Supplied records: Begin
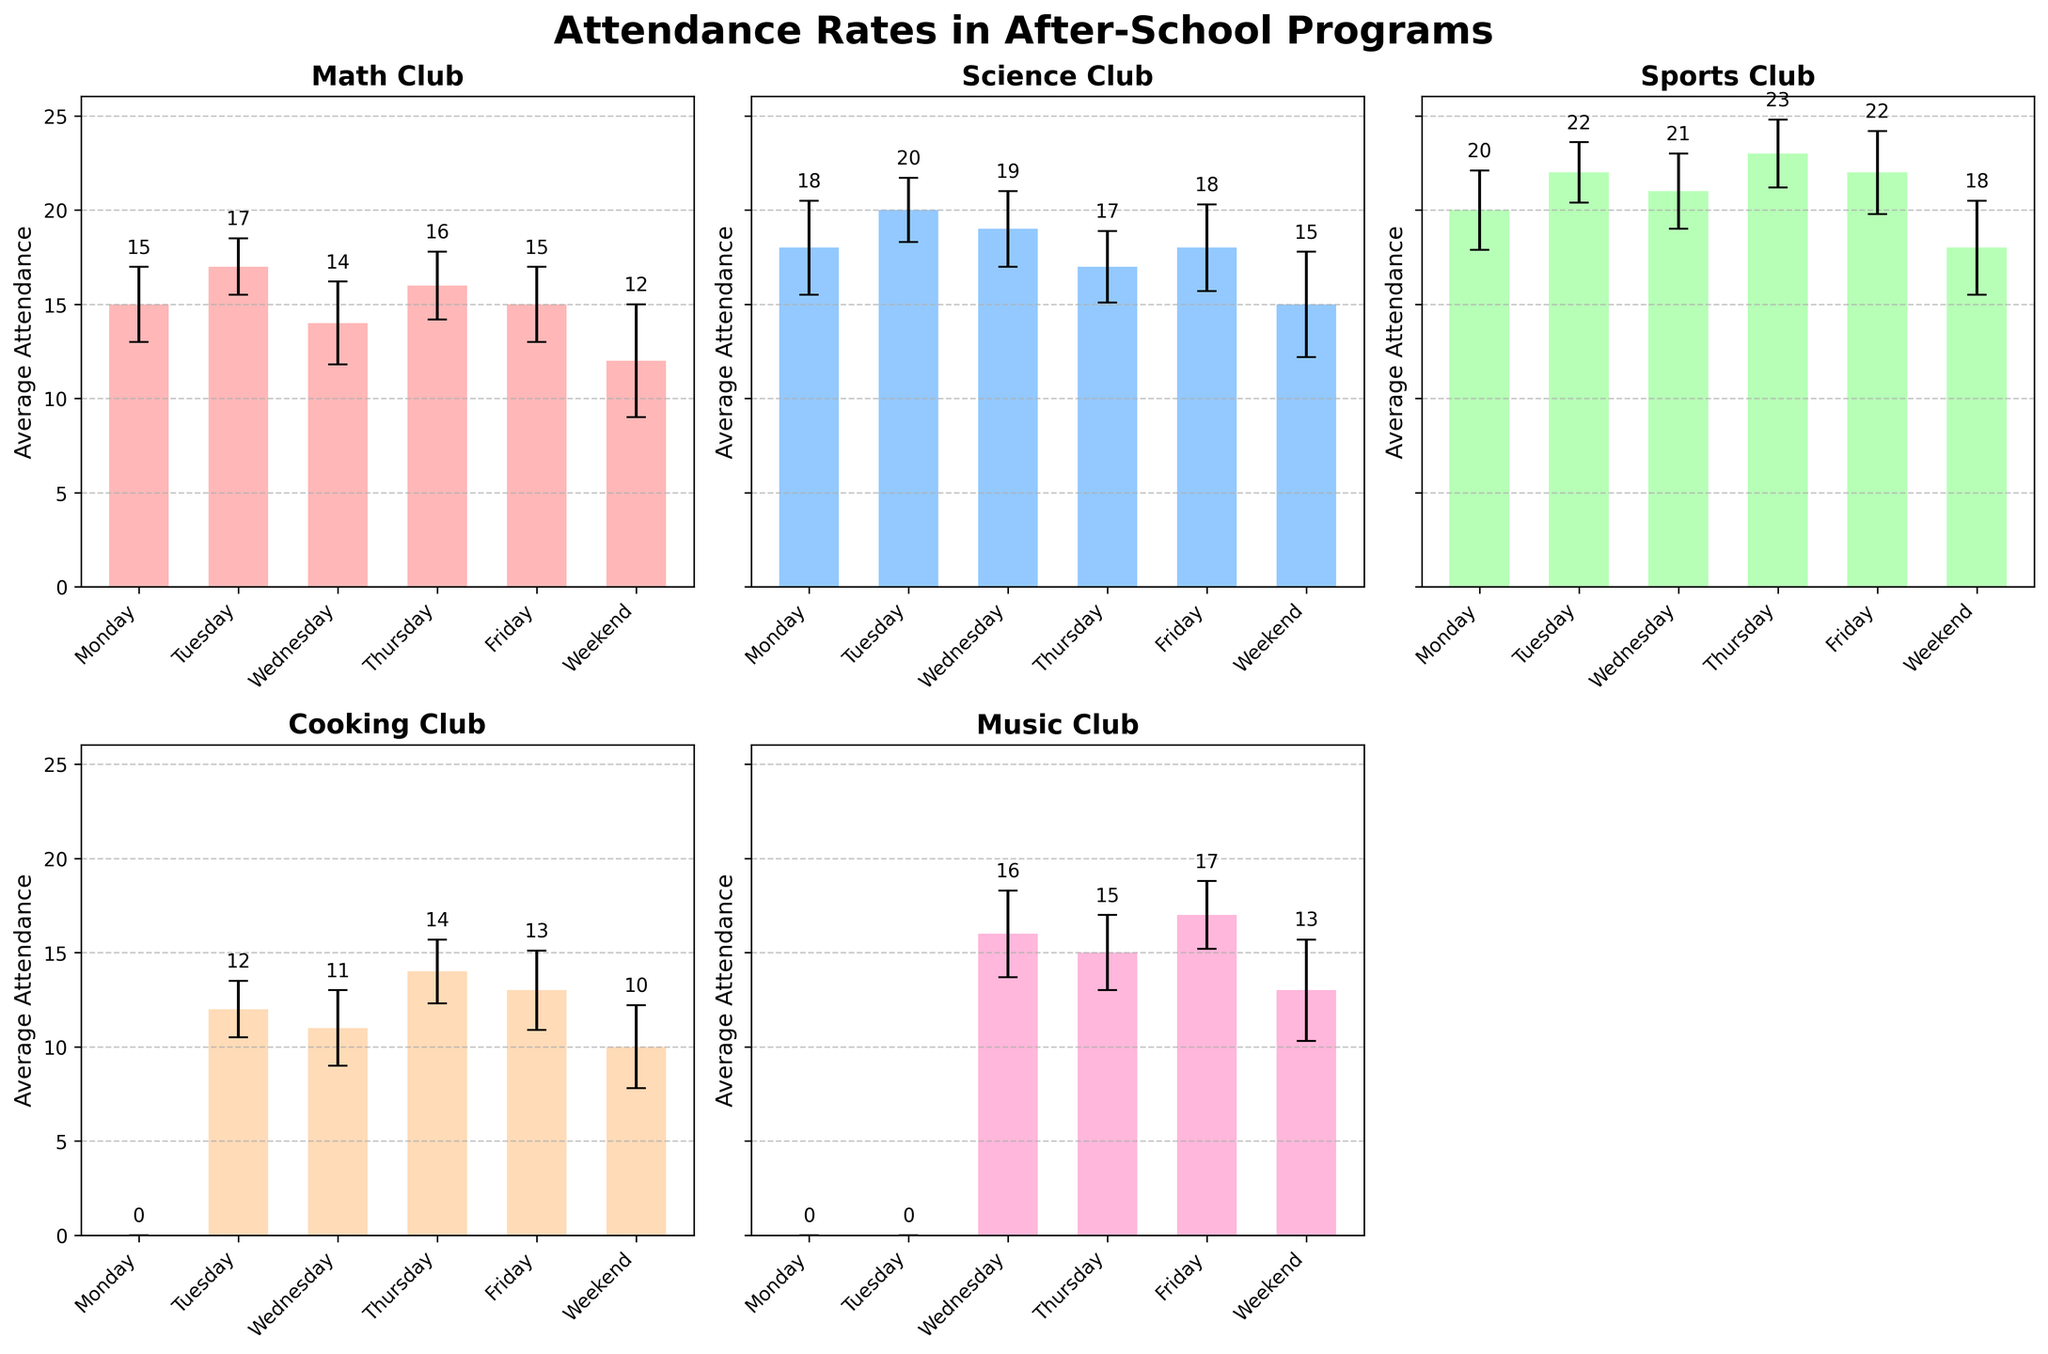What is the title of the plot? The title of the plot is written at the top of the figure in bold font.
Answer: Attendance Rates in After-School Programs Which club has the highest attendance on Tuesday? Look at the attendance bars for Tuesday in each subplot. The highest bar is for the program with the highest attendance.
Answer: Sports Club On which weekday does Math Club have the lowest attendance? Check the bars for Math Club across all weekdays. The lowest attendance bar will indicate the weekday.
Answer: Wednesday How does the average attendance of Science Club compare between weekdays and weekends? Look at the height of the bars for Science Club over the weekdays and compare it with the weekend bar.
Answer: Weekdays have higher attendance What is the error margin for Cooking Club on Wednesday? Identify the error bar for Cooking Club on Wednesday, which is represented as a vertical line extending from the top of the bar.
Answer: 2 What is the total attendance for Math Club across all weekdays? Summing the attendance figures for Monday, Tuesday, Wednesday, Thursday, and Friday for Math Club. (15 + 17 + 14 + 16 + 15) = 77
Answer: 77 Which program has the largest error margin on weekends? Look at the length of the error bars for each program on weekends and identify the largest one.
Answer: Math Club Between Wednesday and Thursday, which day has higher average attendance in Cooking Club? Compare the heights of the bars for Cooking Club on Wednesday and Thursday.
Answer: Thursday How does Music Club's attendance on Friday compare to its attendance on weekends? Compare the height of the Music Club's bar on Friday to its bar on the weekend.
Answer: Higher on Friday Which after-school program shows the least variation in attendance during weekdays? Examine the length of the error bars for all programs during weekdays and identify the program with the shortest error bars.
Answer: Cooking Club
Supplied records: End
* [Exercise requirements] Generate a word-for-word copy of the preceding records, excluding all pictures.

* [Answer space]
What is the title of the plot? The title of the plot is written at the top of the figure in bold font.
Answer: Attendance Rates in After-School Programs Which club has the highest attendance on Tuesday? Look at the attendance bars for Tuesday in each subplot. The highest bar is for the program with the highest attendance.
Answer: Sports Club On which weekday does Math Club have the lowest attendance? Check the bars for Math Club across all weekdays. The lowest attendance bar will indicate the weekday.
Answer: Wednesday How does the average attendance of Science Club compare between weekdays and weekends? Look at the height of the bars for Science Club over the weekdays and compare it with the weekend bar.
Answer: Weekdays have higher attendance What is the error margin for Cooking Club on Wednesday? Identify the error bar for Cooking Club on Wednesday, which is represented as a vertical line extending from the top of the bar.
Answer: 2 What is the total attendance for Math Club across all weekdays? Summing the attendance figures for Monday, Tuesday, Wednesday, Thursday, and Friday for Math Club. (15 + 17 + 14 + 16 + 15) = 77
Answer: 77 Which program has the largest error margin on weekends? Look at the length of the error bars for each program on weekends and identify the largest one.
Answer: Math Club Between Wednesday and Thursday, which day has higher average attendance in Cooking Club? Compare the heights of the bars for Cooking Club on Wednesday and Thursday.
Answer: Thursday How does Music Club's attendance on Friday compare to its attendance on weekends? Compare the height of the Music Club's bar on Friday to its bar on the weekend.
Answer: Higher on Friday Which after-school program shows the least variation in attendance during weekdays? Examine the length of the error bars for all programs during weekdays and identify the program with the shortest error bars.
Answer: Cooking Club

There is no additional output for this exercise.